Salaire minimum

Salaire minimum : Contre les millions de la droite patronale, notre unité

Le 22 avril dernier, solidaritéS organisait simultanément une action dans les cantons de Genève et de Neuchâtel. Dans une campagne dominée par les moyens mis en œuvre par la droite patronale pour prédire chômage et ruine des micro-patrons, solidaritéS a décidé de marquer un grand coup : des banderoles ont ainsi été déployées dans des lieux symboliques afin de rappeler à un peu moins d’un mois de la votation du 18 mai l’importance cruciale d’introduire un salaire minimum de 4000 francs.

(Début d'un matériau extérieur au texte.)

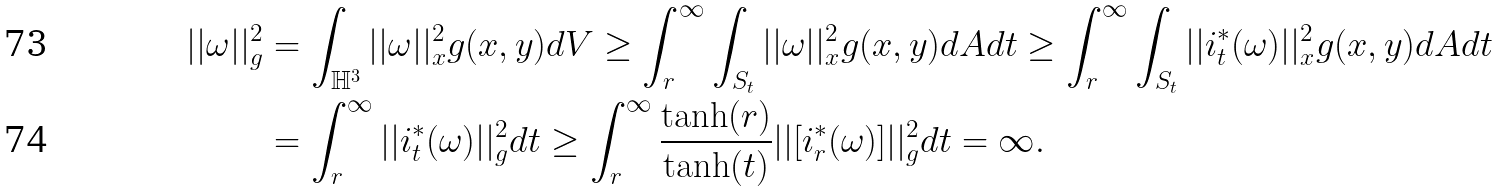Convert formula to latex. <formula><loc_0><loc_0><loc_500><loc_500>| | \omega | | ^ { 2 } _ { g } & = \int _ { \mathbb { H } ^ { 3 } } | | \omega | | ^ { 2 } _ { x } g ( x , y ) d V \geq \int ^ { \infty } _ { r } \int _ { S _ { t } } | | \omega | | ^ { 2 } _ { x } g ( x , y ) d A d t \geq \int ^ { \infty } _ { r } \int _ { S _ { t } } | | i _ { t } ^ { \ast } ( \omega ) | | ^ { 2 } _ { x } g ( x , y ) d A d t \\ & = \int ^ { \infty } _ { r } | | i _ { t } ^ { \ast } ( \omega ) | | ^ { 2 } _ { g } d t \geq \int ^ { \infty } _ { r } \frac { \tanh ( r ) } { \tanh ( t ) } | | [ i _ { r } ^ { \ast } ( \omega ) ] | | ^ { 2 } _ { g } d t = \infty .</formula> 
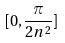Convert formula to latex. <formula><loc_0><loc_0><loc_500><loc_500>[ 0 , \frac { \pi } { 2 n ^ { 2 } } ]</formula>

Le 11 avril 2014, l’institut Gfs Bern rendait public les résultats de son premier sondage quant aux objets soumis à votation populaire le 18 mai prochain. Les intentions de vote positives pour le salaire minimum à 4000 francs y affichaient un net recul avec une réalité toutefois contrastée entre les régions latines et alémaniques. Au sein des cantons romands, et dans une moindre mesure au Tessin, l’acceptation de l’initiative a en effet encore une petite longueur d’avance. Outre-Sarine la situation est cependant largement plus critique, avec une projection de 57 % d’intentions de vote défavorables et seulement 37 % de votes favorables à l’initiative.

 

Le micro-patron: rouleau compresseur de la droite patronale

Selon Gfs Bern, les arguments principalement mis en avant par les citoyen·ne·s défavorables à l’introduction d’un salaire minimum de 4000 francs tiendraient d’une part au refus d’un diktat de l’Etat dans les relations de travail privées et, d’autre part, à la crainte d’une montée du chômage consécutive à la suppression de postes de travail. Si la première réfutation semble provenir des milieux traditionnellement allergiques à toute intervention étatique, la seconde rencontre malheureusement un bien plus vaste écho populaire et fonde, avec la défense des micro-patrons qui seraient acculés à mettre la clé sous la porte dont elle est le corollaire, la « face acceptable » mise en exergue, dans les tribunes généreusement offertes par la presse bourgeoise, par les adversaires du salaire minimum.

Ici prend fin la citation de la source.